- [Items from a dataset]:
--------------------------------------------------

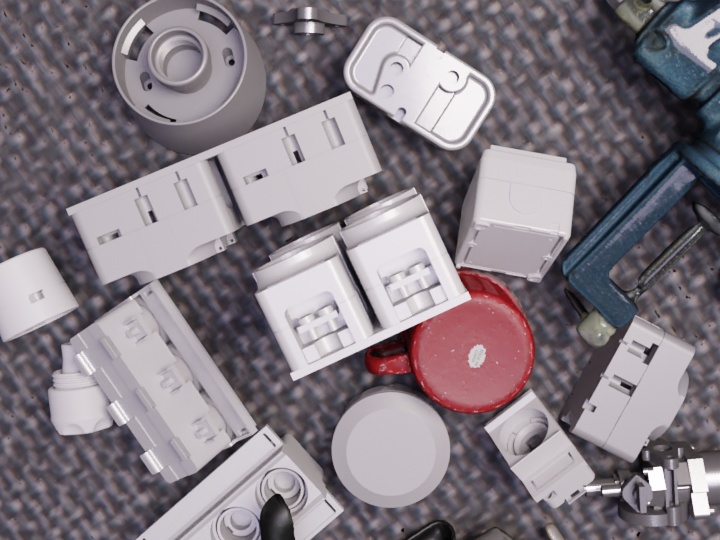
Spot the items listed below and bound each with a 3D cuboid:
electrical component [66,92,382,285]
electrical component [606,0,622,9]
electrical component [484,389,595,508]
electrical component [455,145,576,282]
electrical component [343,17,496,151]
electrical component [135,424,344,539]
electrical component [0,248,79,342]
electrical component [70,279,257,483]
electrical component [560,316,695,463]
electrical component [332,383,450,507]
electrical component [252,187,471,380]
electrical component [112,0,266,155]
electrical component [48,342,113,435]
[{"bbox_3d":[-0.080,-0.050,0.701,0.186,0.105,0.060,-22,96,3],"label":"electrical component"},{"bbox_3d":[0.184,-0.192,0.705,0.043,0.062,0.043,0,96,0],"label":"electrical component"},{"bbox_3d":[0.125,0.125,0.736,0.042,0.081,0.064,-39,124,6],"label":"electrical component"},{"bbox_3d":[0.101,-0.036,0.715,0.062,0.096,0.061,10,69,-1],"label":"electrical component"},{"bbox_3d":[0.038,-0.122,0.716,0.095,0.059,0.053,32,95,-3],"label":"electrical component"},{"bbox_3d":[-0.082,0.172,0.748,0.121,0.063,0.078,-41,95,5],"label":"electrical component"},{"bbox_3d":[-0.229,0.016,0.737,0.055,0.055,0.047,-26,92,3],"label":"electrical component"},{"bbox_3d":[-0.135,0.078,0.731,0.079,0.063,0.121,-29,97,44],"label":"electrical component"},{"bbox_3d":[0.187,0.080,0.742,0.056,0.050,0.089,27,96,-2],"label":"electrical component"},{"bbox_3d":[0.021,0.120,0.747,0.080,0.051,0.080,0,96,0],"label":"electrical component"},{"bbox_3d":[0.000,0.000,0.666,0.105,0.186,0.060,-25,96,3],"label":"electrical component"},{"bbox_3d":[-0.116,-0.133,0.725,0.099,0.064,0.099,0,83,4],"label":"electrical component"},{"bbox_3d":[-0.195,0.081,0.749,0.043,0.043,0.062,-6,95,1],"label":"electrical component"}]
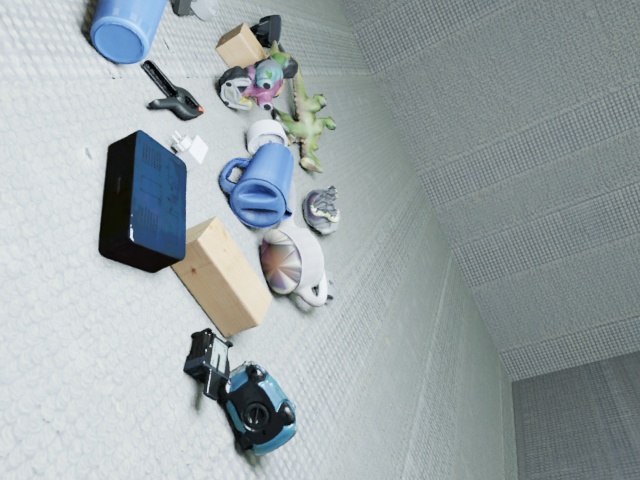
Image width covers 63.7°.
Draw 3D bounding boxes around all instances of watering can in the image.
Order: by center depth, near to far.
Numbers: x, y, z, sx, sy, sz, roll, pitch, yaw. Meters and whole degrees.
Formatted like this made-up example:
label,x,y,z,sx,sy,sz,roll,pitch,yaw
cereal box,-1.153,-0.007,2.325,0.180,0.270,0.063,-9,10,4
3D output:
label,x,y,z,sx,sy,sz,roll,pitch,yaw
watering can,-0.070,0.005,1.286,0.224,0.103,0.350,-1,70,-65

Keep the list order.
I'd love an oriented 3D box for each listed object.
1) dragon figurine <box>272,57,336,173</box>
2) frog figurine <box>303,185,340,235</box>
label,x,y,z,sx,sy,sz,roll,pitch,yaw
dragon figurine,-0.071,-0.406,1.678,0.245,0.121,0.410,-25,92,-59
frog figurine,0.005,-0.079,1.569,0.157,0.123,0.139,109,-42,-69
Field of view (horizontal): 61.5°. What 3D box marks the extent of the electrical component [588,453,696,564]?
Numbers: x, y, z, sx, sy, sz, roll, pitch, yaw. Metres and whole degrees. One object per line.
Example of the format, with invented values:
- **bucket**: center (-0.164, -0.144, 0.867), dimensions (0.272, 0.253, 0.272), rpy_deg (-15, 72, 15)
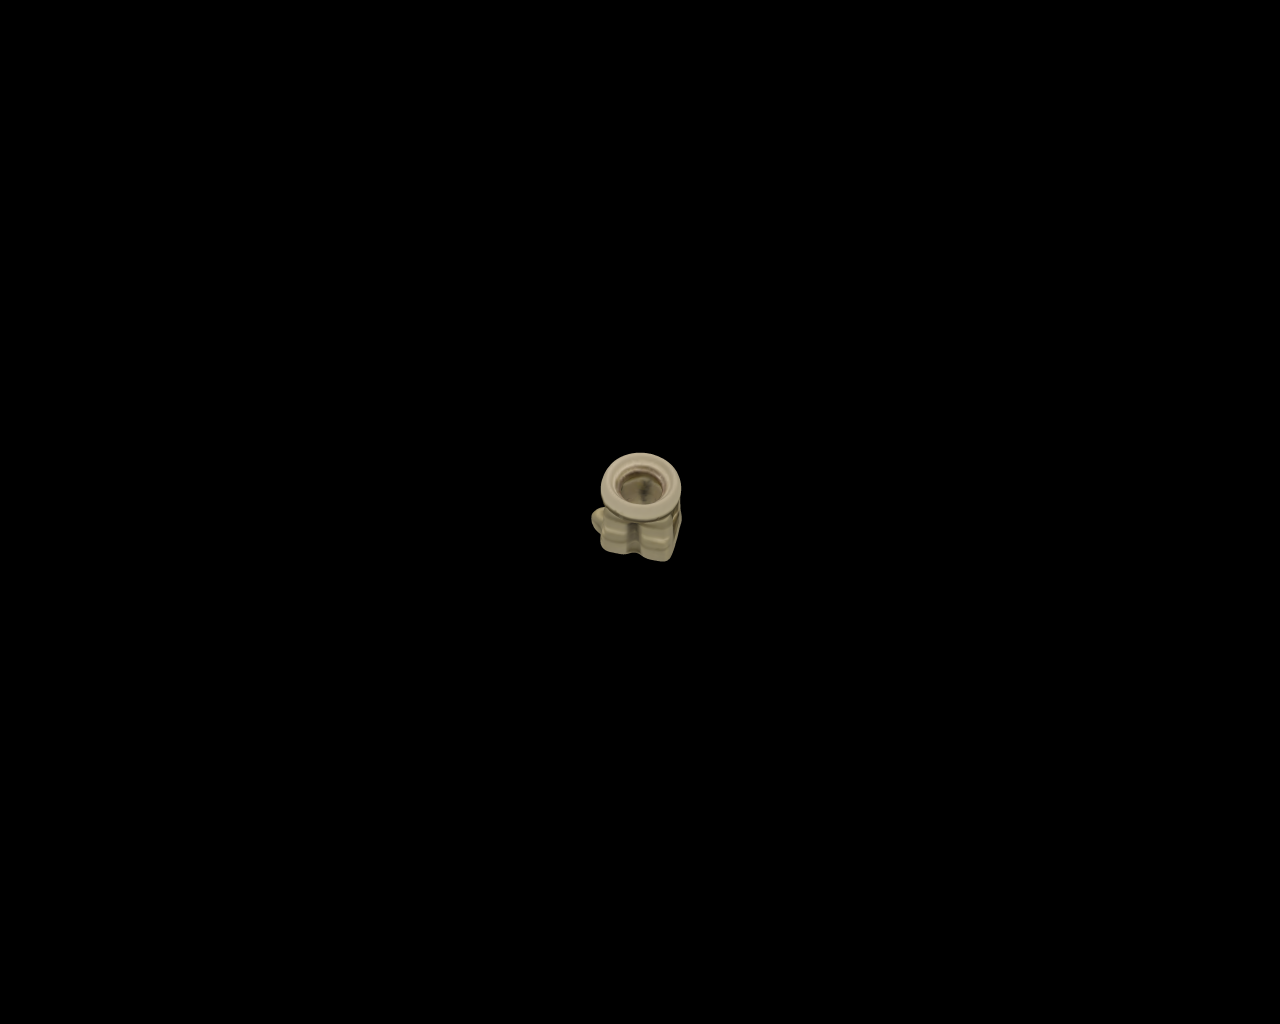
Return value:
- **electrical component**: center (0.001, -0.003, 0.650), dimensions (0.066, 0.048, 0.055), rpy_deg (10, -36, 8)
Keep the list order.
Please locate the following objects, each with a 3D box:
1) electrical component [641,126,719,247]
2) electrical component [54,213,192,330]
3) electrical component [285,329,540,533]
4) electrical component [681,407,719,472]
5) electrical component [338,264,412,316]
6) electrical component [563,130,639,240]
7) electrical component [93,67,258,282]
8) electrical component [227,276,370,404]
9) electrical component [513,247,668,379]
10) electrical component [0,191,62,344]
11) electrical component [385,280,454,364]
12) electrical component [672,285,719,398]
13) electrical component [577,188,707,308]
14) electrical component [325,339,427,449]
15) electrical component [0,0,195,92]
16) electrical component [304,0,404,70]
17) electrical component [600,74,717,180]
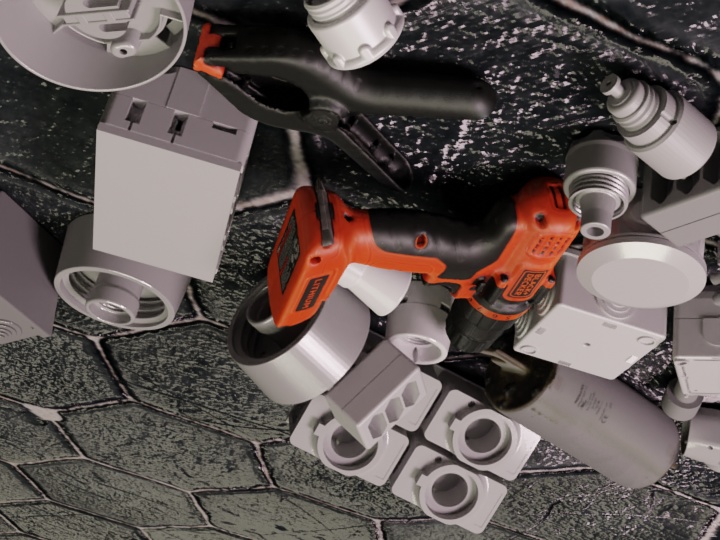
[{"bbox_3d":[0.217,-0.041,0.637,0.077,0.047,0.066,32,145,-30],"label":"electrical component"},{"bbox_3d":[-0.193,0.009,0.866,0.108,0.060,0.108,9,150,6],"label":"electrical component"},{"bbox_3d":[0.045,0.134,0.907,0.186,0.105,0.060,28,-170,-11],"label":"electrical component"},{"bbox_3d":[0.317,0.151,0.930,0.077,0.043,0.079,7,150,9],"label":"electrical component"},{"bbox_3d":[0.000,0.000,0.798,0.065,0.044,0.044,31,146,-20],"label":"electrical component"},{"bbox_3d":[0.142,-0.048,0.639,0.043,0.062,0.043,9,150,6],"label":"electrical component"},{"bbox_3d":[-0.124,-0.063,0.716,0.089,0.061,0.150,16,150,-6],"label":"electrical component"},{"bbox_3d":[-0.053,0.042,0.826,0.108,0.108,0.060,-13,135,37],"label":"electrical component"},{"bbox_3d":[0.167,0.035,0.784,0.100,0.048,0.099,17,150,-8],"label":"electrical component"},{"bbox_3d":[-0.284,0.001,0.850,0.048,0.099,0.099,-14,143,17],"label":"electrical component"},{"bbox_3d":[0.047,0.042,0.844,0.055,0.047,0.055,9,150,6],"label":"electrical component"},{"bbox_3d":[0.262,0.053,0.775,0.062,0.061,0.096,-1,155,22],"label":"electrical component"},{"bbox_3d":[0.182,-0.013,0.695,0.080,0.051,0.080,10,150,6],"label":"electrical component"},{"bbox_3d":[0.000,0.084,0.829,0.077,0.066,0.047,40,164,29],"label":"electrical component"},{"bbox_3d":[-0.139,-0.145,0.578,0.099,0.064,0.099,9,150,5],"label":"electrical component"},{"bbox_3d":[-0.010,-0.139,0.562,0.048,0.048,0.062,-9,137,33],"label":"electrical component"},{"bbox_3d":[0.162,-0.082,0.595,0.078,0.040,0.040,31,145,-29],"label":"electrical component"}]
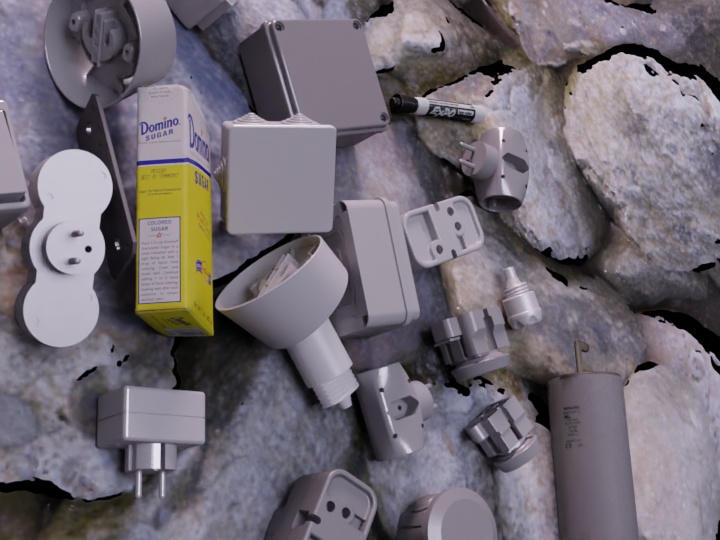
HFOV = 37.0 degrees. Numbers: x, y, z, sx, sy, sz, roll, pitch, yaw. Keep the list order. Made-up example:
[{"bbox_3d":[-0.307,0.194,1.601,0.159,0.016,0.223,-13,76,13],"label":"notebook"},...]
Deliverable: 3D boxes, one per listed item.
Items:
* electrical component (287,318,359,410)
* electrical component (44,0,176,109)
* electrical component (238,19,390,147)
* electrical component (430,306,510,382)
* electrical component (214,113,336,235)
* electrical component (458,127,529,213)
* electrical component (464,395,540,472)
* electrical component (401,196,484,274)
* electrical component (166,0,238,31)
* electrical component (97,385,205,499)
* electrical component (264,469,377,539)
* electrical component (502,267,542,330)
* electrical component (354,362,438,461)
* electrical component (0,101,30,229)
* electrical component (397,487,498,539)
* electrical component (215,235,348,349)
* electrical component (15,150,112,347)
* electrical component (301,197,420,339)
[{"bbox_3d":[-0.030,0.080,0.901,0.043,0.043,0.081,-33,97,-40],"label":"electrical component"},{"bbox_3d":[-0.191,-0.178,0.823,0.064,0.099,0.099,-33,97,-47],"label":"electrical component"},{"bbox_3d":[-0.040,-0.165,0.964,0.109,0.056,0.108,-12,84,-40],"label":"electrical component"},{"bbox_3d":[0.107,0.070,1.006,0.078,0.058,0.057,-10,79,-41],"label":"electrical component"},{"bbox_3d":[-0.069,-0.078,0.883,0.100,0.048,0.099,-2,105,-18],"label":"electrical component"},{"bbox_3d":[0.130,-0.107,1.091,0.079,0.043,0.077,18,65,-33],"label":"electrical component"},{"bbox_3d":[0.137,0.156,1.010,0.066,0.048,0.055,-34,91,-40],"label":"electrical component"},{"bbox_3d":[0.060,-0.029,0.998,0.095,0.059,0.053,-19,88,-41],"label":"electrical component"},{"bbox_3d":[-0.121,-0.258,0.926,0.061,0.062,0.096,51,51,-14],"label":"electrical component"},{"bbox_3d":[-0.152,0.128,0.784,0.066,0.047,0.076,10,69,-36],"label":"electrical component"},{"bbox_3d":[-0.035,0.209,0.845,0.054,0.059,0.095,38,55,-23],"label":"electrical component"},{"bbox_3d":[0.158,0.027,1.076,0.035,0.035,0.061,-14,82,-41],"label":"electrical component"},{"bbox_3d":[0.037,0.119,0.942,0.079,0.043,0.077,-13,84,-41],"label":"electrical component"},{"bbox_3d":[-0.274,-0.078,0.745,0.062,0.061,0.096,-10,82,-40],"label":"electrical component"},{"bbox_3d":[0.076,0.231,0.932,0.080,0.051,0.080,13,68,-35],"label":"electrical component"},{"bbox_3d":[-0.061,0.014,0.864,0.064,0.099,0.099,46,52,-26],"label":"electrical component"},{"bbox_3d":[-0.204,-0.015,0.749,0.052,0.074,0.138,7,87,-26],"label":"electrical component"},{"bbox_3d":[0.000,0.000,0.929,0.057,0.078,0.113,-4,78,-37],"label":"electrical component"}]
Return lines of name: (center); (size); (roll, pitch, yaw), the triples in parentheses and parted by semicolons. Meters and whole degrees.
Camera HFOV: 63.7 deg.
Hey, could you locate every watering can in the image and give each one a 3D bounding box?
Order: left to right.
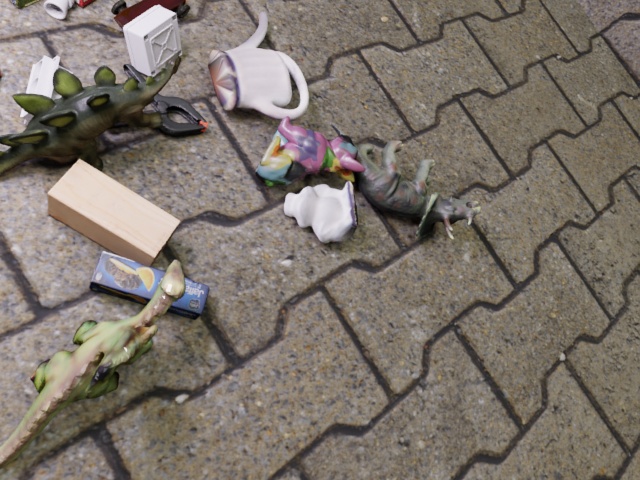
watering can: (-0.158, -0.413, 1.214); (0.225, 0.102, 0.353); (-11, 64, -29)

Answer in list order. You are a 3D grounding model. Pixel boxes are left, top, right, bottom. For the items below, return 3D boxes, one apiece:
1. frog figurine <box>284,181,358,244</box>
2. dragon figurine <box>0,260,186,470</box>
frog figurine: (0.003, -0.058, 1.151); (0.159, 0.122, 0.139); (-8, 79, 8)
dragon figurine: (-0.343, 0.191, 0.772); (0.121, 0.239, 0.418); (43, 55, -11)
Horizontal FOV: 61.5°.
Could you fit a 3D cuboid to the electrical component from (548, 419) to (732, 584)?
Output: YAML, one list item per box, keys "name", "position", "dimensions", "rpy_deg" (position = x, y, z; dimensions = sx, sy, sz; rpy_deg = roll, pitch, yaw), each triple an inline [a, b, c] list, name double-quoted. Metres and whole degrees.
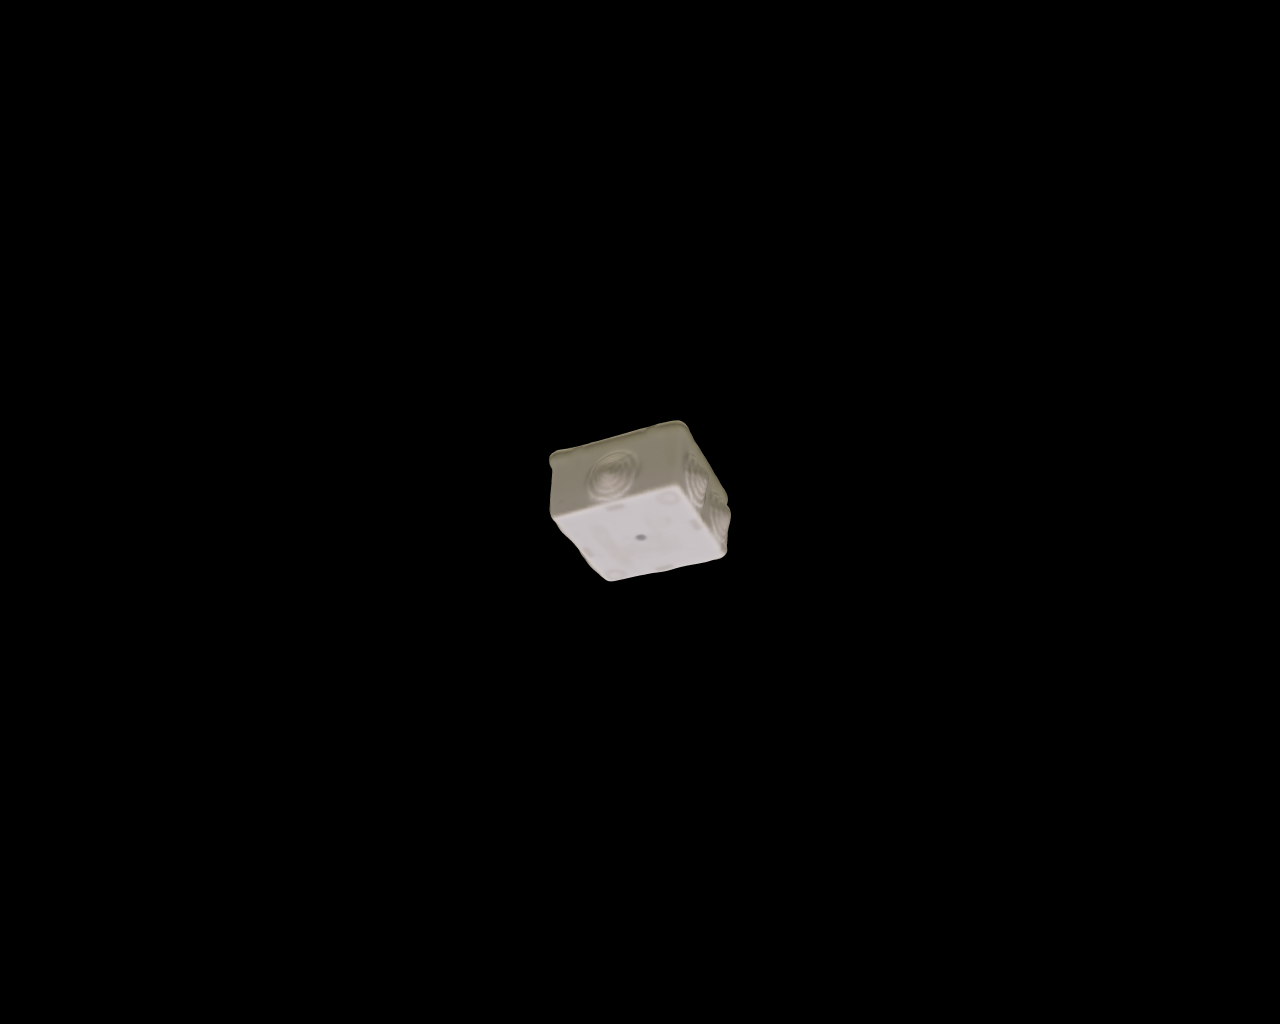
- name: "electrical component"
  position: [0.001, -0.003, 0.650]
  dimensions: [0.100, 0.048, 0.099]
  rpy_deg: [-13, -38, 18]
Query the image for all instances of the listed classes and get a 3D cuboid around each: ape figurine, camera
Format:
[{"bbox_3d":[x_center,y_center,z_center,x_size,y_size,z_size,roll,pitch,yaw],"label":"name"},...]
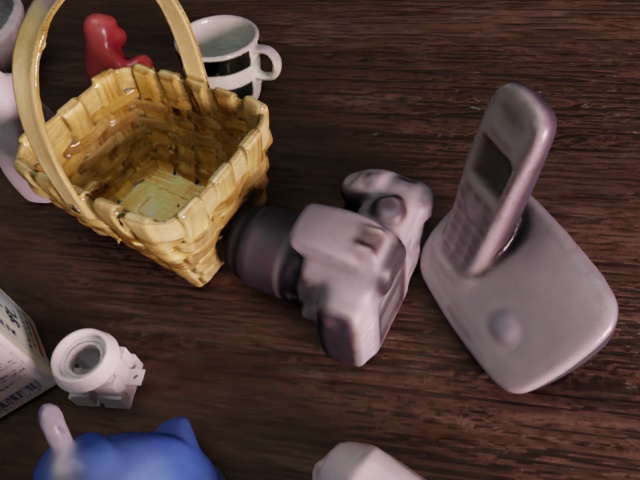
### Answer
[{"bbox_3d":[-0.228,-0.206,0.632,0.076,0.092,0.077,-35,58,-18],"label":"ape figurine"},{"bbox_3d":[0.004,0.002,0.447,0.136,0.101,0.143,19,58,19],"label":"camera"}]

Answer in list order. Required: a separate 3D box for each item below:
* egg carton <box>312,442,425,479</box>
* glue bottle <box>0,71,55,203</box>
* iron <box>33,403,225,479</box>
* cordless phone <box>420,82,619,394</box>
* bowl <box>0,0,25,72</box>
[{"bbox_3d":[0.045,0.190,0.325,0.150,0.069,0.107,29,62,25],"label":"egg carton"},{"bbox_3d":[-0.281,-0.114,0.520,0.037,0.173,0.078,3,54,9],"label":"glue bottle"},{"bbox_3d":[-0.093,0.208,0.283,0.119,0.142,0.257,-21,54,-8],"label":"iron"},{"bbox_3d":[0.135,0.003,0.379,0.094,0.185,0.147,-25,55,-11],"label":"cordless phone"},{"bbox_3d":[-0.420,-0.224,0.678,0.167,0.075,0.167,-3,54,5],"label":"bowl"}]

--------------------------------------------------

- [DESCRIPTION OF THE TASK]: Starting from the first line of the entries above, print each line exactly until the line containing "electrical component [343,17,496,151]" has been printed, and skip the pictures.

- [WRITTEN SOLUTION]:
Spot the items listed below and bound each with a 3D cuboid:
electrical component [66,92,382,285]
electrical component [606,0,622,9]
electrical component [484,389,595,508]
electrical component [455,145,576,282]
electrical component [343,17,496,151]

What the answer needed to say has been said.